Hi! Thanks for your interest!

Could you please try to print out the loaded models' architecture? The modification failure is triggered by cannot find the target module. In your case, for gemma-2, Gemma2ForCausalLM should be modified rather than GemmaForCausalLM. They have different classes in hugging transformers. We haven't implement SelfExtend for gemma-2 yet.

Another possible problem is : almost every version of hugging transformers has some changes to the {Model_name}ForCausalLM class. We will check the newest implementation for Gemma in hugging transformers and release a new one if needed.

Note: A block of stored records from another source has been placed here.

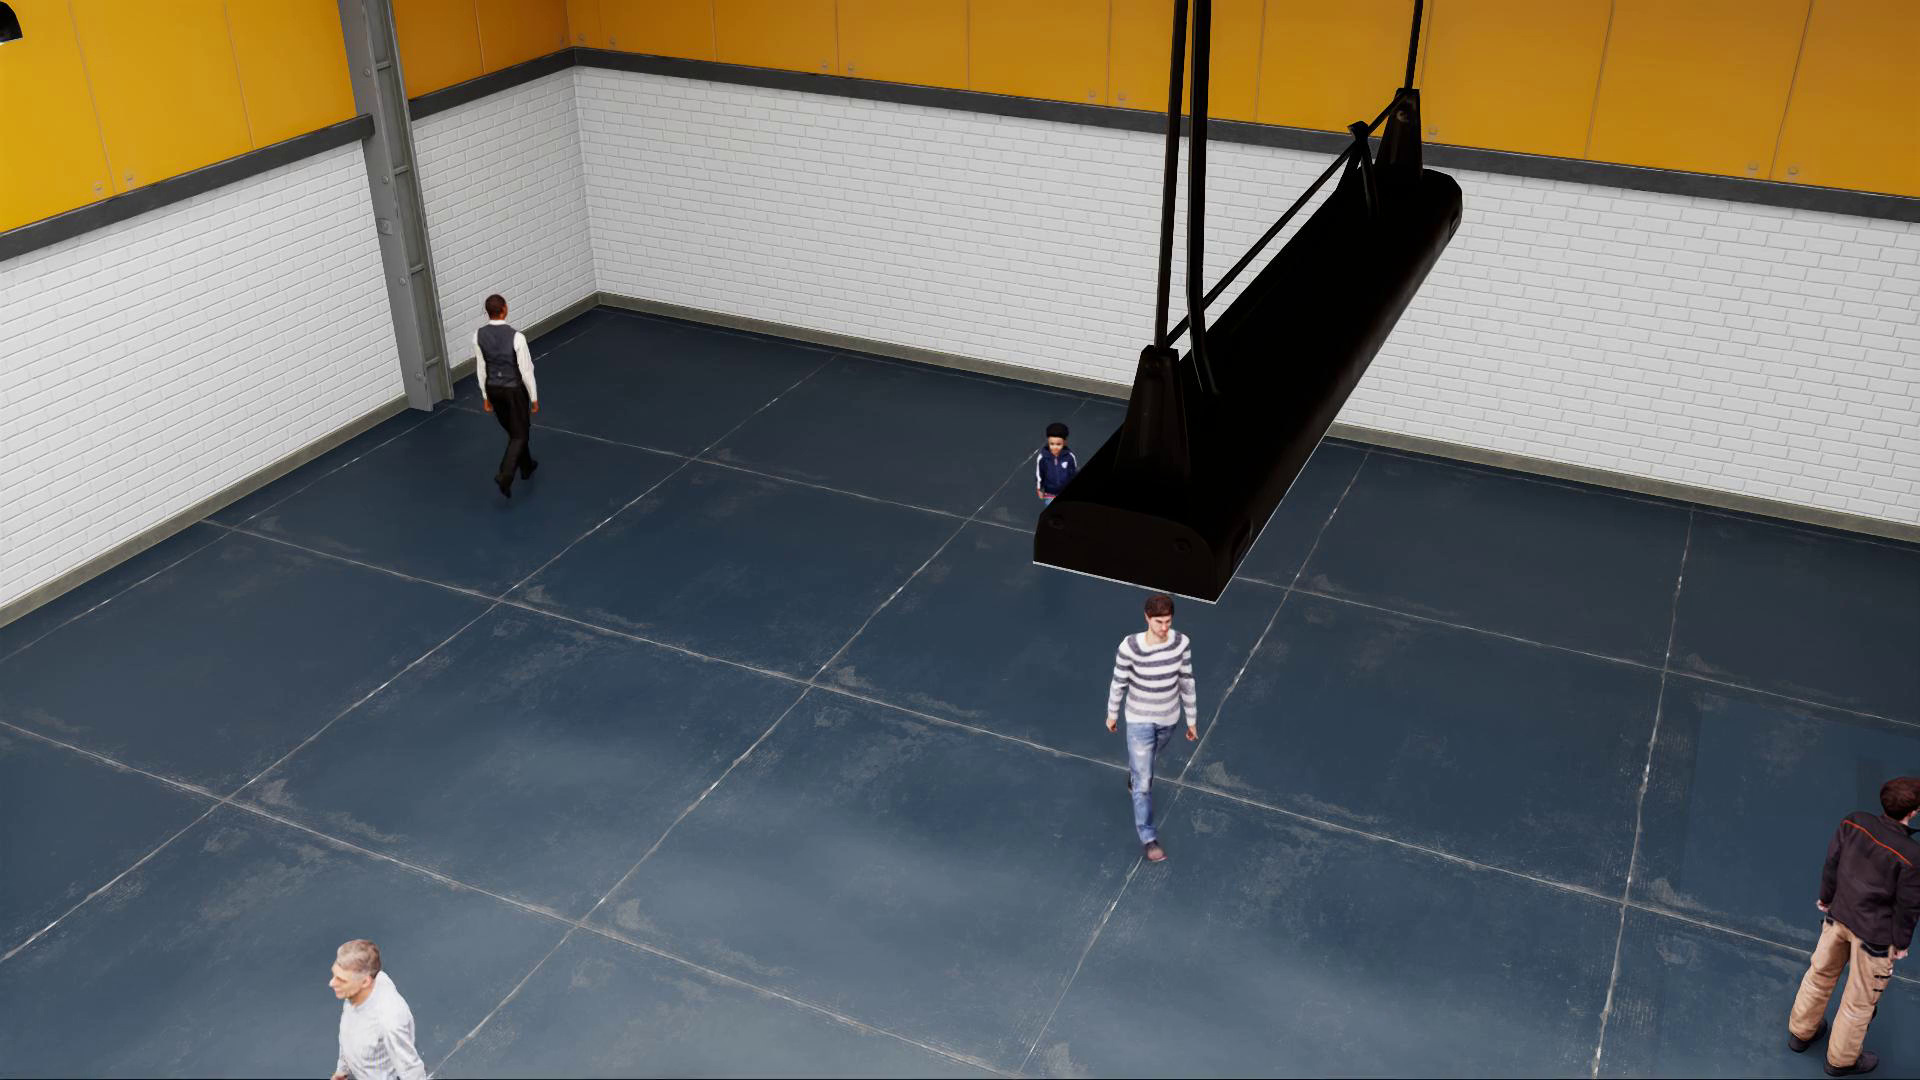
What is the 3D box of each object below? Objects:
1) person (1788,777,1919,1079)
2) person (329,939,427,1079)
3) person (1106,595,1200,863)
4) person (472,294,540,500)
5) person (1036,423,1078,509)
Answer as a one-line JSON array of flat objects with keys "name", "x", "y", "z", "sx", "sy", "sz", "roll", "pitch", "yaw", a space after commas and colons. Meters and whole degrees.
[{"name": "person", "x": 4.916, "y": 2.090, "z": 9.059, "sx": 0.824, "sy": 1.924, "sz": 0.793, "roll": -14, "pitch": 31, "yaw": -23}, {"name": "person", "x": -2.730, "y": 2.641, "z": 8.216, "sx": 1.265, "sy": 1.764, "sz": 1.038, "roll": -19, "pitch": 34, "yaw": -31}, {"name": "person", "x": 1.235, "y": 1.122, "z": 10.964, "sx": 1.160, "sy": 1.799, "sz": 1.273, "roll": -8, "pitch": 30, "yaw": -14}, {"name": "person", "x": -4.195, "y": -1.302, "z": 15.312, "sx": 0.891, "sy": 1.891, "sz": 1.241, "roll": 5, "pitch": 29, "yaw": 10}, {"name": "person", "x": 0.864, "y": -0.466, "z": 14.507, "sx": 0.701, "sy": 1.194, "sz": 0.899, "roll": 2, "pitch": 29, "yaw": 4}]
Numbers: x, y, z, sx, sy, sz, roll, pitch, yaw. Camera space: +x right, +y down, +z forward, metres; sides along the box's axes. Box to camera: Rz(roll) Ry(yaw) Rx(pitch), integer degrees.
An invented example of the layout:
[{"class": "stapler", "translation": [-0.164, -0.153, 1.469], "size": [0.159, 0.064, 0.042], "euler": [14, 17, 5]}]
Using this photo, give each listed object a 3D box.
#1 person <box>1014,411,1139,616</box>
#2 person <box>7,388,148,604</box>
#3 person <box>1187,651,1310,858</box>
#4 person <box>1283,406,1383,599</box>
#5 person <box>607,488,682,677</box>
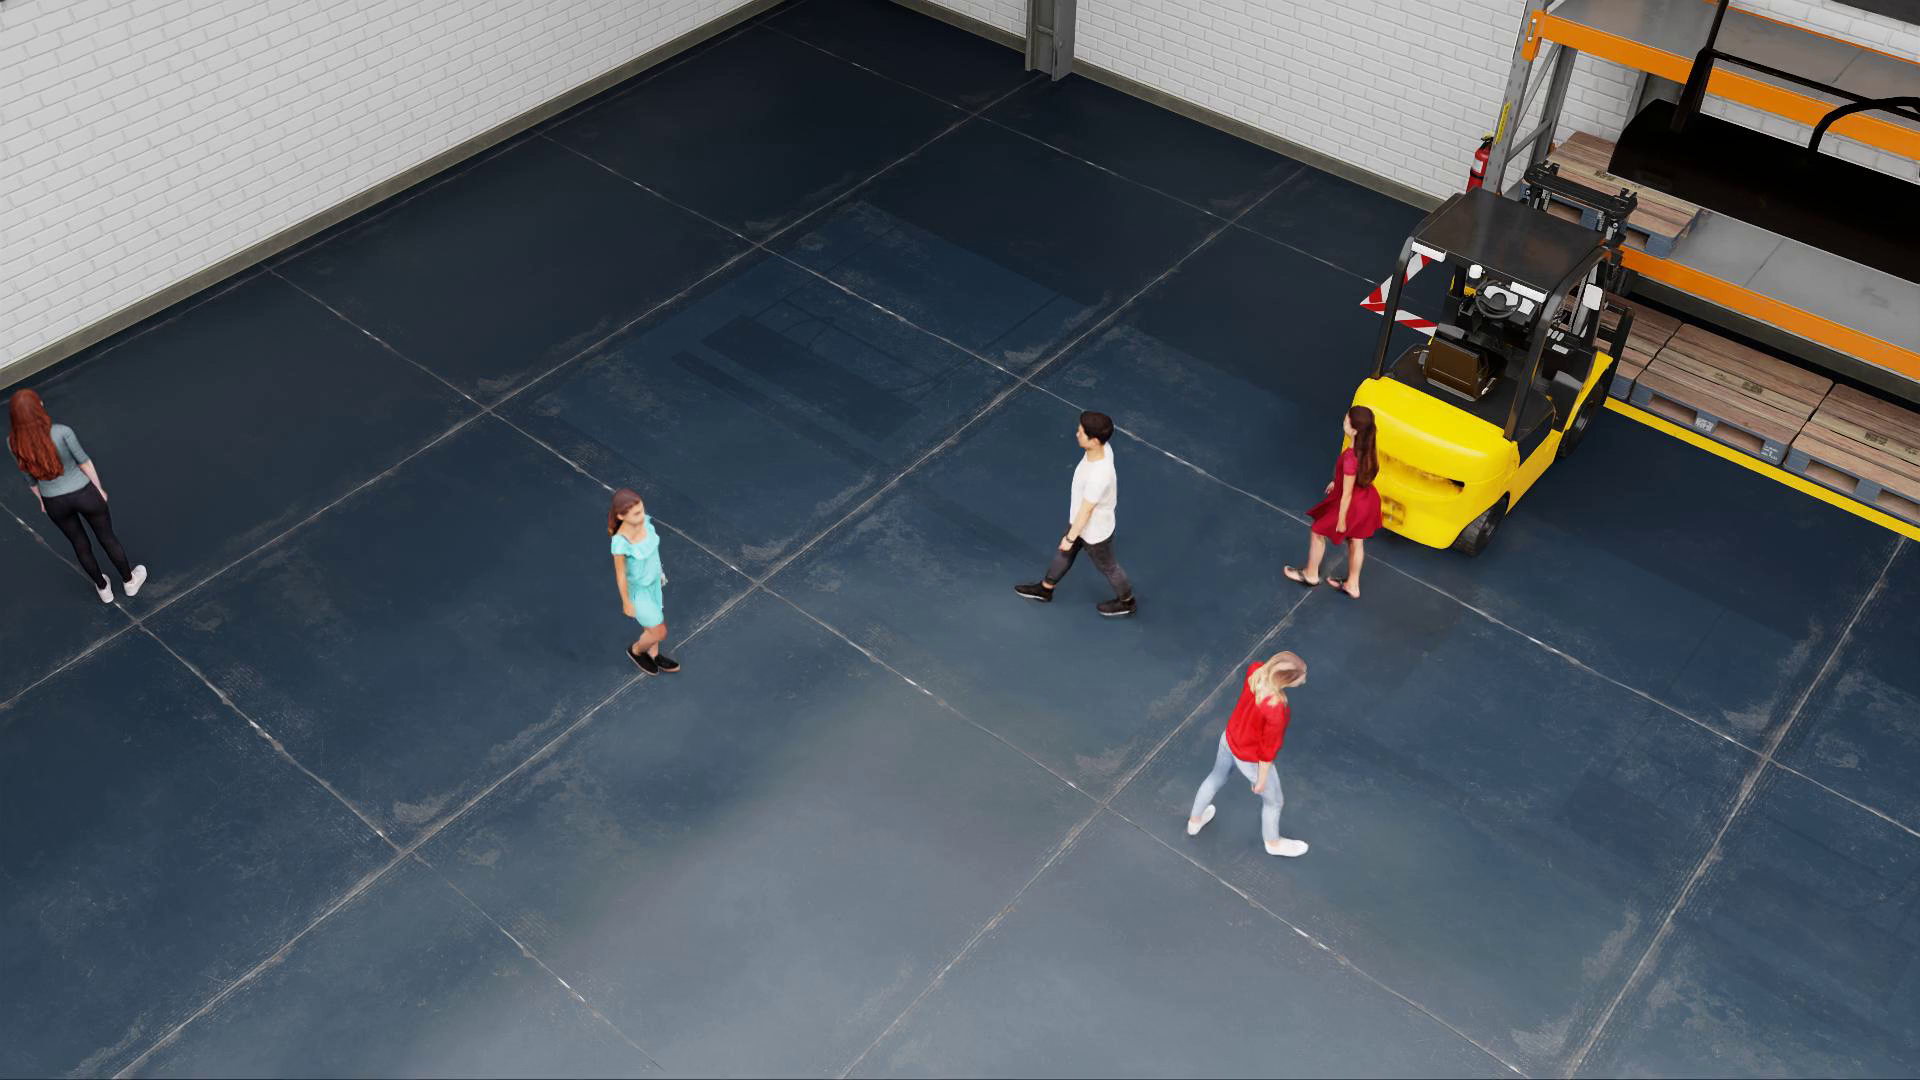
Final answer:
[{"class": "person", "translation": [0.947, -0.114, 10.883], "size": [1.144, 1.676, 1.044], "euler": [0, 44, 0]}, {"class": "person", "translation": [-5.881, -0.279, 11.008], "size": [0.662, 1.742, 0.697], "euler": [-10, 45, -11]}, {"class": "person", "translation": [1.604, 1.216, 9.499], "size": [0.978, 1.660, 0.944], "euler": [-20, 47, -20]}, {"class": "person", "translation": [2.677, -0.210, 11.088], "size": [0.737, 1.532, 0.526], "euler": [28, 50, 26]}, {"class": "person", "translation": [-2.085, 0.265, 10.572], "size": [0.670, 1.556, 0.635], "euler": [15, 46, 15]}]
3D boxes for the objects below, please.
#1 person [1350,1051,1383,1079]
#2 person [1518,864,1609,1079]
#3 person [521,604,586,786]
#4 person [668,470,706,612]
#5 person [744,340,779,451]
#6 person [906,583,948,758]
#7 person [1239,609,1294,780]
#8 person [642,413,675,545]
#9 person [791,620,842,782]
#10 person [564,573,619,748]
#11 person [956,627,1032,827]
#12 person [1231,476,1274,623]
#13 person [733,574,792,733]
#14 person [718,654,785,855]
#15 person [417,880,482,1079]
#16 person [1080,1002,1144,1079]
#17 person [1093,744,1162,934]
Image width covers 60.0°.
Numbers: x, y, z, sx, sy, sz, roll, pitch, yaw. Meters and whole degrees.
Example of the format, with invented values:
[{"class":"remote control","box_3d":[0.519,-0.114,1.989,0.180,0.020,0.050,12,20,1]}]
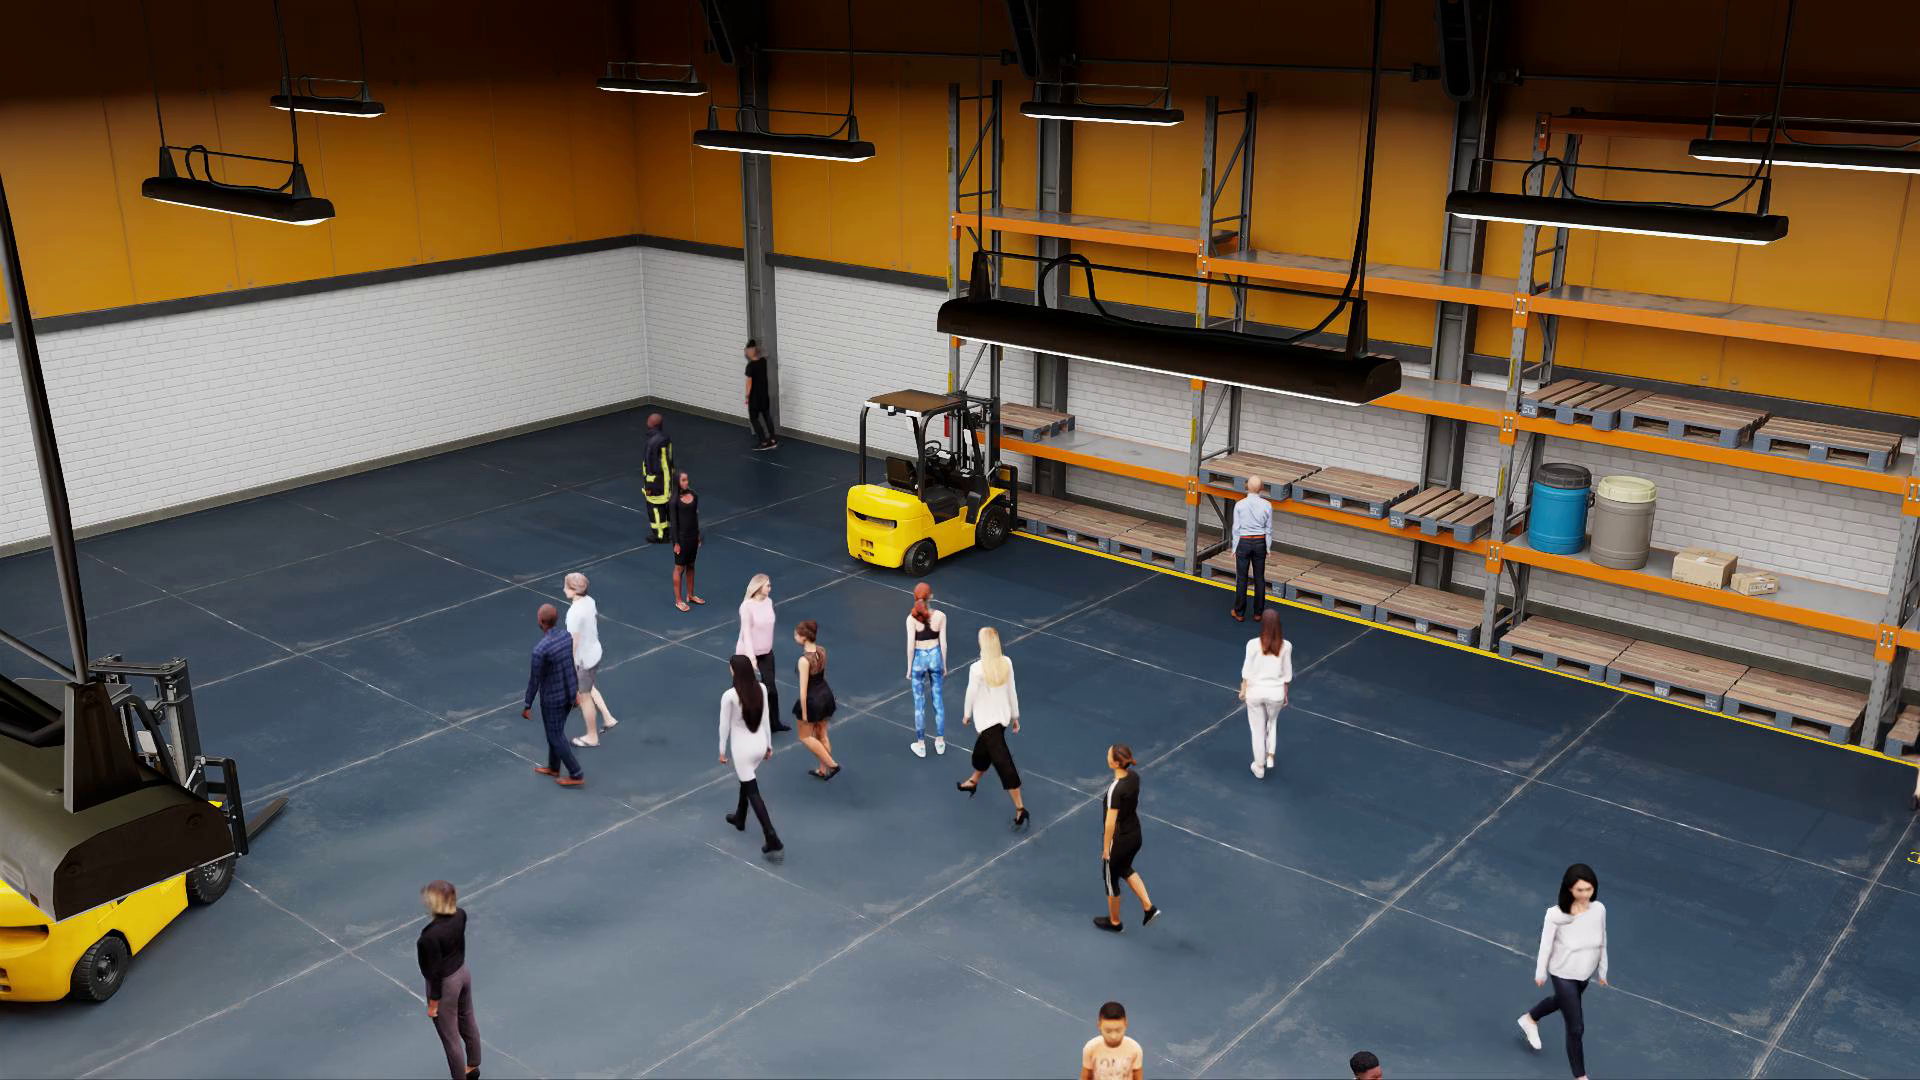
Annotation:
[{"class":"person","box_3d":[2.422,3.643,10.062,0.495,1.261,0.485,17,25,40]},{"class":"person","box_3d":[4.163,2.953,11.489,1.018,1.658,1.227,-6,20,-18]},{"class":"person","box_3d":[-3.728,1.481,15.648,0.955,1.793,0.815,8,20,22]},{"class":"person","box_3d":[-3.341,-0.015,20.206,0.543,1.721,0.635,12,22,31]},{"class":"person","box_3d":[-3.225,-2.356,26.965,0.627,1.843,0.906,17,25,42]},{"class":"person","box_3d":[-0.327,1.262,16.310,0.669,1.785,0.714,-5,19,-15]},{"class":"person","box_3d":[2.927,1.487,15.816,0.718,1.675,0.774,-2,19,-7]},{"class":"person","box_3d":[-4.004,-0.826,22.473,1.037,1.810,0.958,3,19,9]},{"class":"person","box_3d":[-1.315,1.550,15.636,0.739,1.670,0.643,14,23,35]},{"class":"person","box_3d":[-3.633,1.187,16.475,0.873,1.822,0.825,3,19,8]},{"class":"person","box_3d":[0.366,1.730,14.911,0.716,1.792,1.271,-15,24,-38]},{"class":"person","box_3d":[3.462,0.099,19.755,0.720,1.792,0.795,0,19,0]},{"class":"person","box_3d":[-2.146,1.140,16.910,0.716,1.634,1.102,-16,24,-39]},{"class":"person","box_3d":[-1.796,1.891,14.475,0.745,1.765,1.207,-16,25,-40]},{"class":"person","box_3d":[-3.429,3.038,11.215,0.680,1.672,0.677,4,19,11]},{"class":"person","box_3d":[0.947,3.466,10.284,0.636,1.455,0.717,2,19,5]},{"class":"person","box_3d":[1.361,2.391,13.167,0.783,1.651,0.594,13,23,35]}]

uebian commented 3 months ago

Hi, thank you for getting back. I'm using gemma-2b-it, which is kind of gemma 1 model instead of gemma 2. That model can be downloaded from https://huggingface.co/google/gemma-2b-it

Mooler0410 commented 3 months ago

Sorry for the oversight. Could you please share the output of: print(loaded_model)? This should print out the name of all modules in the loaded model.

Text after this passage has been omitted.